There's a 'watch' task as well so that when we're running locally we can keep an eye on our source CSS file and automatically run the compilation step as soon as any new file changes are saved.

Now that we have our package file, our tasks file and we've installed our new packages too, we need to add a few things before we can get our CSS compiling. First of all, create a new folder at /src/css/ and create a file in here called index.css with a few basic styles in (just so we can see that it works!):

body {
    font-size: 16px;
    margin: 0;
    font-family: system-ui;
}

Now we need to make sure our base templates are going to pull our new CSS file in when it's been compiled. Open up our head include and add the following to it:

<link rel="stylesheet" href="{{ '/css/site.css' | url }}">
<link rel="preload" href="{{ '/css/site.css' | url }}" as="style">

If you now go to your terminal and run the development command: npm run dev instead of our previous command npx @11ty/eleventy --serve you should get both your Eleventy site build as well as your new stylesheet compiling. Go to the site and refresh and you should at least see that the browser default serif font has been replaced most likely with a sans serif fontface. Success!

Social sharing metadata

We can give Facebook, Twitter, Pinterest and LinkedIn (at least!) a bit of a helping hand with how our pages will look when shared on different platforms. First we'll need to add the right meta elements into our head include:

<meta property="og:site_name" content="{{ settings.sitename }}">
<meta property="og:title" content="{{ title }}">
<meta property="og:description" content="{{ description }}">
<meta property="og:type" content="website">
<meta property="og:image" content="{{ settings.domain }}/img/social/sharer.jpg">
<meta property="og:image:width" content="1280">
<meta property="og:image:height" content="800">
<meta property="og:image:alt" content="{{ description }}" />
<meta property="og:url" content="{{ settings.domain }}{{ page.url }}">
<meta property="article:published_time" content="{{ settings.lastupdated }}" />
<meta property="article:author" content="{{ settings.author }}" />
<meta name="twitter:card" content="summary_large_image">
<meta name="twitter:site" content="@{{ settings.xhandle }}">
<meta name="twitter:creator" content="@{{ settings.xhandle }}">

You might notice in there that we're pulling our domain name, sitename and our X handle from our settings.json global data file. You'll need to get an image and place it at /public/img/social/sharer.jpg too.

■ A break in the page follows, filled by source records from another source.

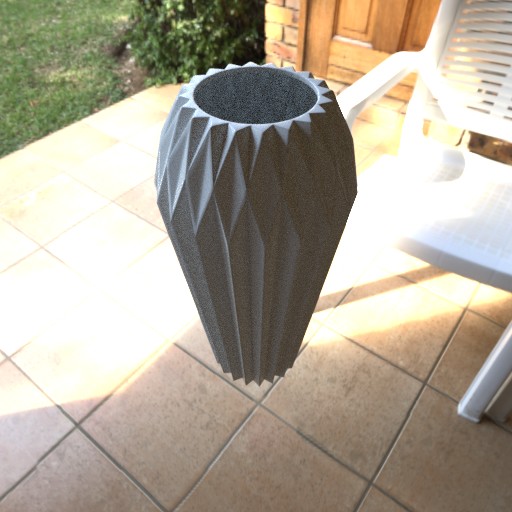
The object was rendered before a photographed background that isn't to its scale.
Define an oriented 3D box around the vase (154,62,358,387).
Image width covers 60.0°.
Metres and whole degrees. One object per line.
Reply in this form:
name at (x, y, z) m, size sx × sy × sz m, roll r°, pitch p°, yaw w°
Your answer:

We can also update our footer's copyright message with the current year at build time with a nice little addition to our footer include and our Eleventy config file:

eleventyConfig.addShortcode('year', () => `${new Date().getFullYear()}`);

And in our footer file:

<footer>
    &copy; 1982 - {% year %}. Me! Because I made this.

    {% include 'social.njk' %}
</footer>

What else?

This is only scraping the surface of what Eleventy can do. There are other plugins to help expand your functionality out there, and you can always roll your own too.

If you're not a superfan of Nunjucks (not sure why that would ever happen, it's lovely!) then there's also plenty of choice of other ways to template for Eleventy too.